Given entries:
== Segment start ==

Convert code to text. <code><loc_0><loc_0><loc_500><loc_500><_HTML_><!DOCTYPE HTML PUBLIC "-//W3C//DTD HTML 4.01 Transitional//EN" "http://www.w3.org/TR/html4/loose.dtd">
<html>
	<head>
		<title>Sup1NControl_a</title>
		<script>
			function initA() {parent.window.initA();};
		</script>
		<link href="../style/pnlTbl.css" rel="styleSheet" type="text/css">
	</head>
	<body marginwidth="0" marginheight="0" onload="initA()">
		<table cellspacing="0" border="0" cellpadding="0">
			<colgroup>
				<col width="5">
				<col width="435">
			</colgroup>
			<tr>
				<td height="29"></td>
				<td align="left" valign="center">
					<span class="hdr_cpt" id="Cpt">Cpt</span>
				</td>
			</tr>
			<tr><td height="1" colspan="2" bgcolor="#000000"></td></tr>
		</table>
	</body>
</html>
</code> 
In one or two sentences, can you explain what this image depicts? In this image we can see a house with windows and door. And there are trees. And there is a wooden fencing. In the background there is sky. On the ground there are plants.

== Segment end ==
== Segment start ==

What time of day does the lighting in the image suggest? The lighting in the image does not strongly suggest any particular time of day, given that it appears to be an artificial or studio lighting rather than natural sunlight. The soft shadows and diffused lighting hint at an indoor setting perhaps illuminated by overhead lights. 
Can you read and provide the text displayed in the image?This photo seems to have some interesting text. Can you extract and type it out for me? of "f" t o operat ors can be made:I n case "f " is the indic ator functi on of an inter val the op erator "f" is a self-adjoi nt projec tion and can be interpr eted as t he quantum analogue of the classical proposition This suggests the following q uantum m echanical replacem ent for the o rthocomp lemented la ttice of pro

== Segment end ==

Your goal: The expected answer is every line above in which the word "text" appears.

Task output:
Convert code to text. <code><loc_0><loc_0><loc_500><loc_500><_HTML_><!DOCTYPE HTML PUBLIC "-//W3C//DTD HTML 4.01 Transitional//EN" "http://www.w3.org/TR/html4/loose.dtd">
		<link href="../style/pnlTbl.css" rel="styleSheet" type="text/css">
Can you read and provide the text displayed in the image?This photo seems to have some interesting text. Can you extract and type it out for me? of "f" t o operat ors can be made:I n case "f " is the indic ator functi on of an inter val the op erator "f" is a self-adjoi nt projec tion and can be interpr eted as t he quantum analogue of the classical proposition This suggests the following q uantum m echanical replacem ent for the o rthocomp lemented la ttice of pro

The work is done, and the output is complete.